--- START ---
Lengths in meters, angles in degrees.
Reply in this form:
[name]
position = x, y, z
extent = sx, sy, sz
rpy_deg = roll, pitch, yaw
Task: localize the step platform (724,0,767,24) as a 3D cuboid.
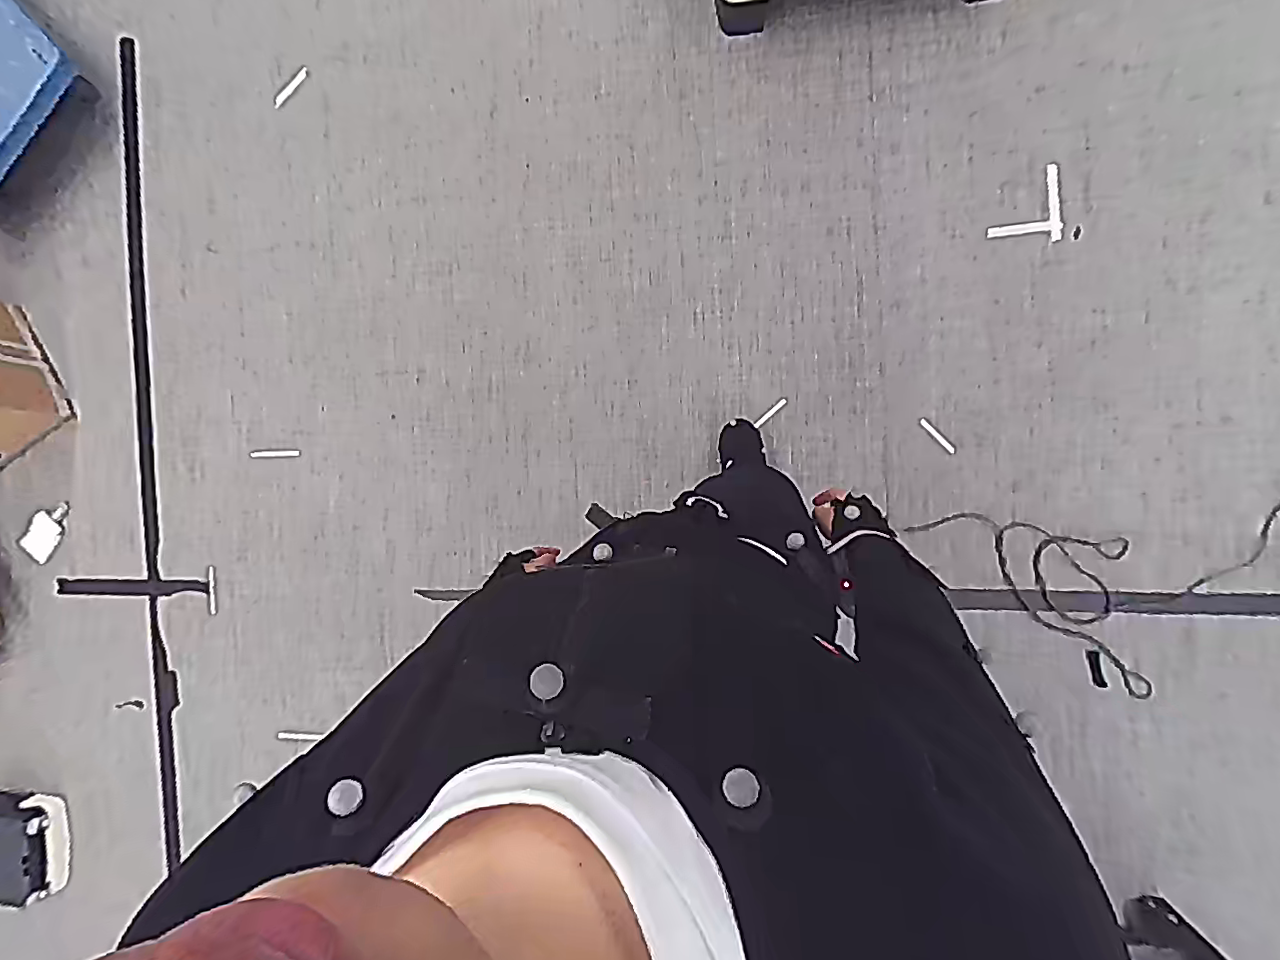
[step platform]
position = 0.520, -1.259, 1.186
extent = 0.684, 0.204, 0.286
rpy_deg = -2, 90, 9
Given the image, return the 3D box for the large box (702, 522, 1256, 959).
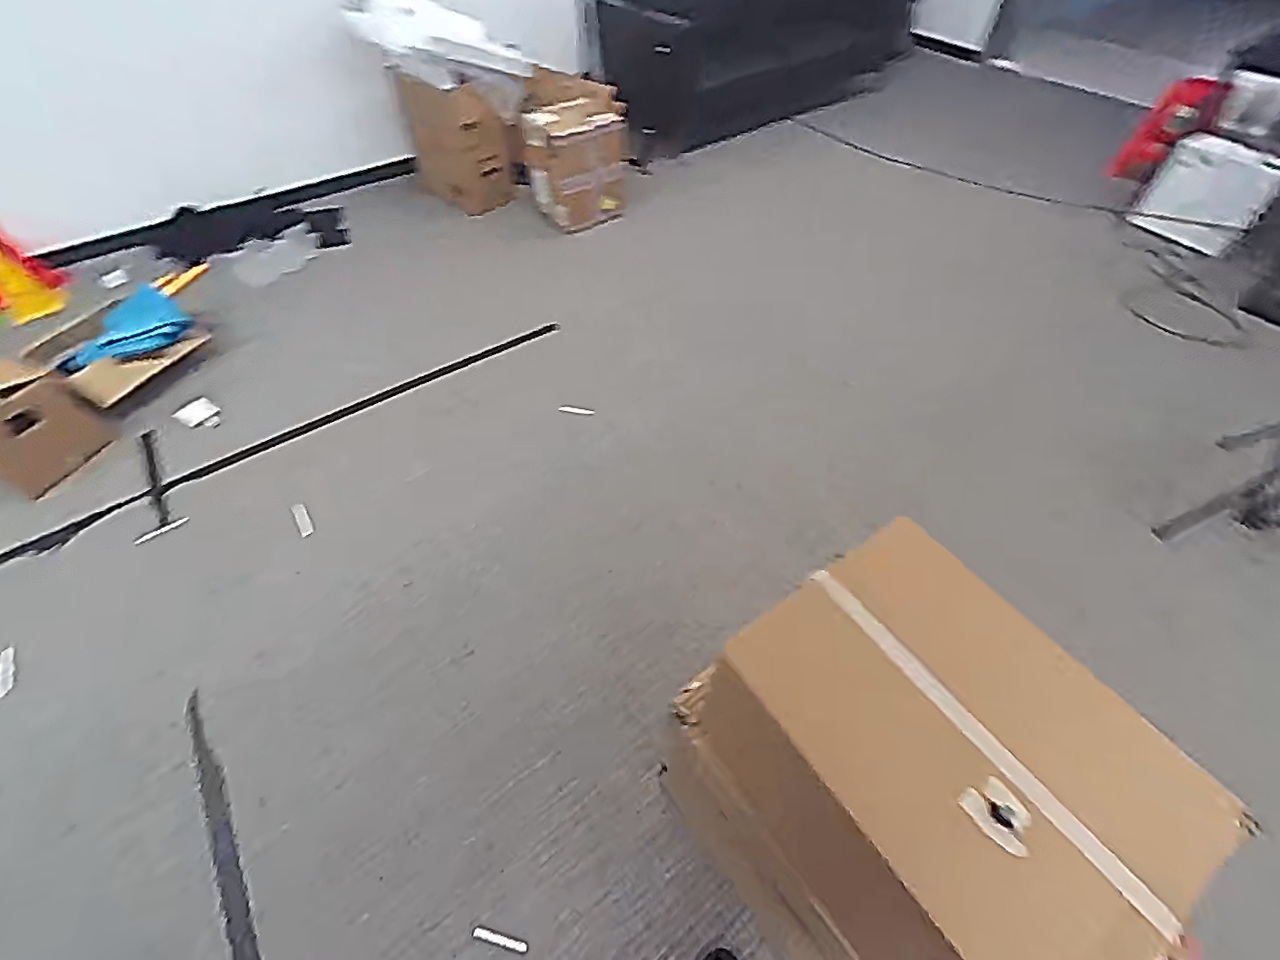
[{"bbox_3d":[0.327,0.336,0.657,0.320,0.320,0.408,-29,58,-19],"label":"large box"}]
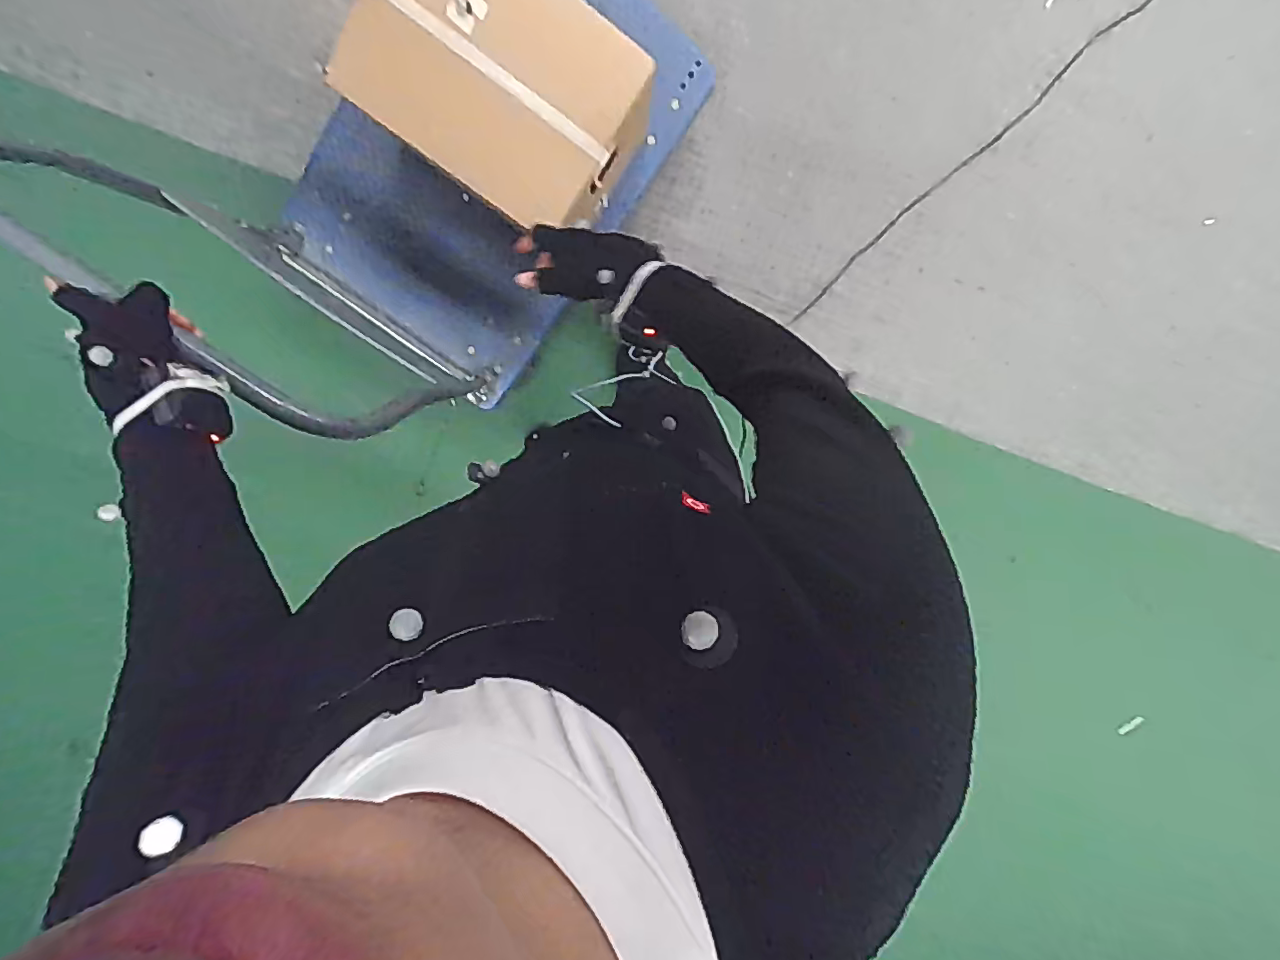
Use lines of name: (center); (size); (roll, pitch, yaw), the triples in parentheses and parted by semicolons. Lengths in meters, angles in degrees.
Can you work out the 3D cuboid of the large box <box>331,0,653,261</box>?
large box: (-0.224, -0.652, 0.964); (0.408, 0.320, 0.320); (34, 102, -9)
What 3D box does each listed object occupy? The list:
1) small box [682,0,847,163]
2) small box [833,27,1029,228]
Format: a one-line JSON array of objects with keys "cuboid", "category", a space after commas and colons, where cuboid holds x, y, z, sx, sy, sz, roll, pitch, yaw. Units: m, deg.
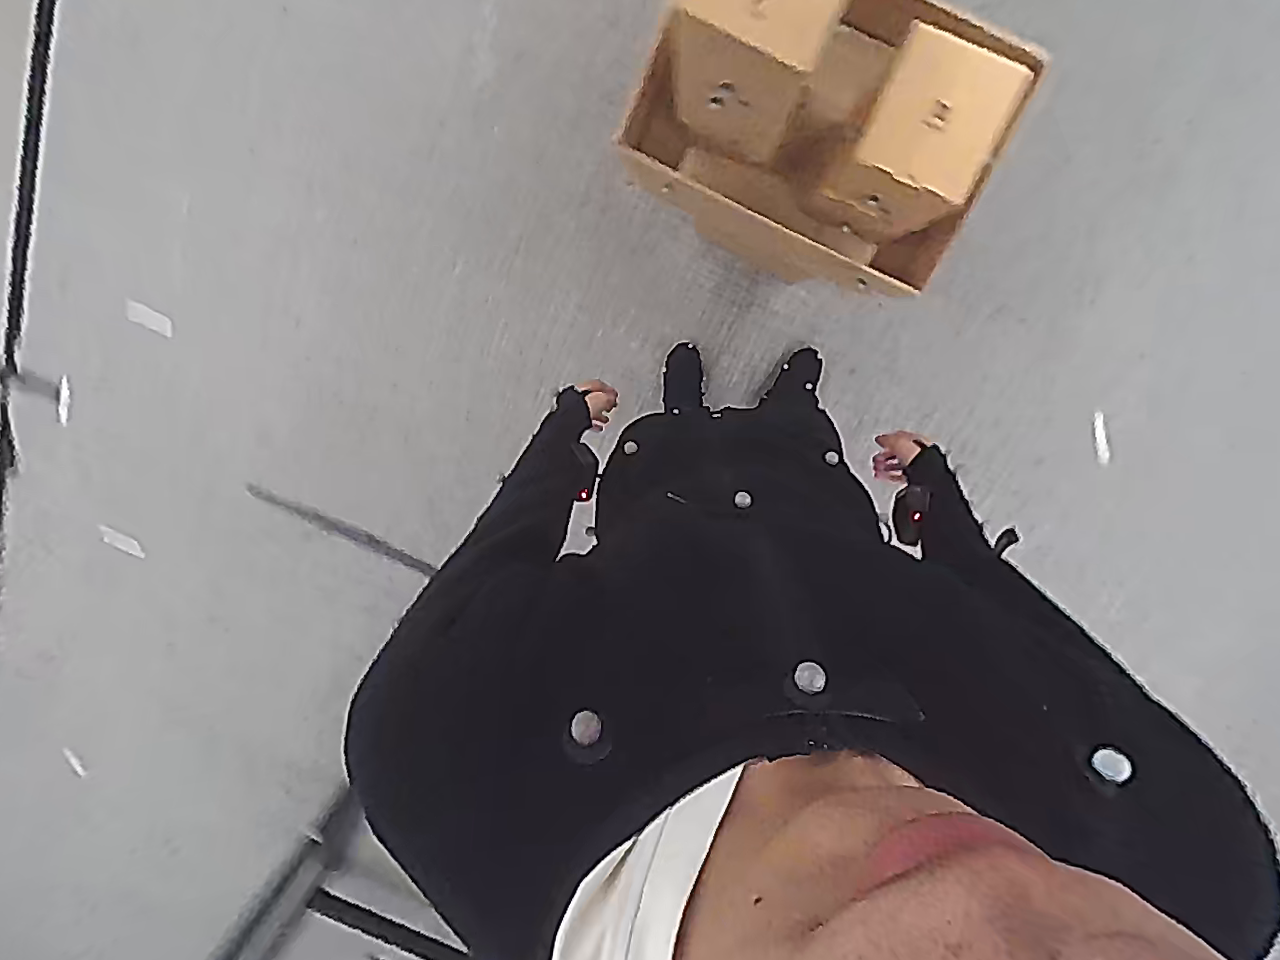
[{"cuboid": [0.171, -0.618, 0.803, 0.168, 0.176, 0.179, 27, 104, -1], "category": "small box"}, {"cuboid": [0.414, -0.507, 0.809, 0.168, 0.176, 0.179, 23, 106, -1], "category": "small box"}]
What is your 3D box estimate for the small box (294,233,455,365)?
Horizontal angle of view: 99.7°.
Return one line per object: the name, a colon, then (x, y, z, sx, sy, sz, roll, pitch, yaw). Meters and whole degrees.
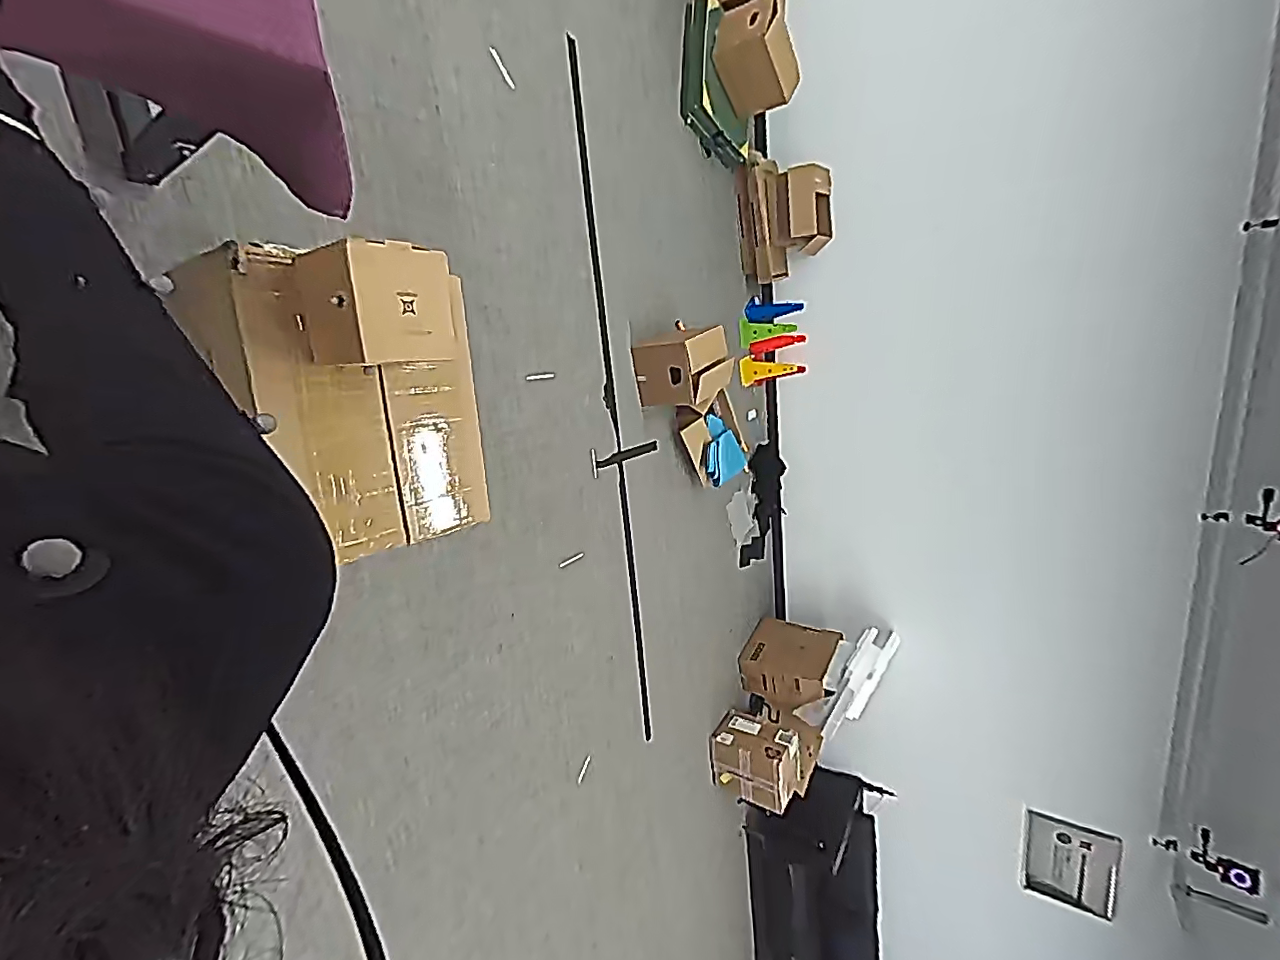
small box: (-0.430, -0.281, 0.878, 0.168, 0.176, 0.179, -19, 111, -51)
--- END ---
◆ **Task directions**:
The reply should consist of the listing restated word for word, with its pictures removed.

◆ **Solution to this task**:
Lengths in meters, angles in degrees.
Reply in this form:
[name]
position = x, y, z
extent = sx, sy, sz
rpy_deg = roll, pitch, yaw
Task: localize the step platform (724,0,767,24) as a 3D cuboid.
[step platform]
position = 0.520, -1.259, 1.186
extent = 0.684, 0.204, 0.286
rpy_deg = -2, 90, 9
Given the image, return the 3D box for the large box (702, 522, 1256, 959).
[{"bbox_3d":[0.327,0.336,0.657,0.320,0.320,0.408,-29,58,-19],"label":"large box"}]
Use lines of name: (center); (size); (roll, pitch, yaw), the triples in parentheses and parted by semicolons. Lengths in meters, angles in degrees.
Can you work out the 3D cuboid of the large box <box>331,0,653,261</box>?
large box: (-0.224, -0.652, 0.964); (0.408, 0.320, 0.320); (34, 102, -9)
What 3D box does each listed object occupy? The list:
1) small box [682,0,847,163]
2) small box [833,27,1029,228]
Format: a one-line JSON array of objects with keys "cuboid", "category", a space after commas and colons, where cuboid holds x, y, z, sx, sy, sz, roll, pitch, yaw. Units: m, deg.
[{"cuboid": [0.171, -0.618, 0.803, 0.168, 0.176, 0.179, 27, 104, -1], "category": "small box"}, {"cuboid": [0.414, -0.507, 0.809, 0.168, 0.176, 0.179, 23, 106, -1], "category": "small box"}]
What is your 3D box estimate for the small box (294,233,455,365)?
Horizontal angle of view: 99.7°.
Return one line per object: the name, a colon, then (x, y, z, sx, sy, sz, roll, pitch, yaw). Meters and whole degrees.
small box: (-0.430, -0.281, 0.878, 0.168, 0.176, 0.179, -19, 111, -51)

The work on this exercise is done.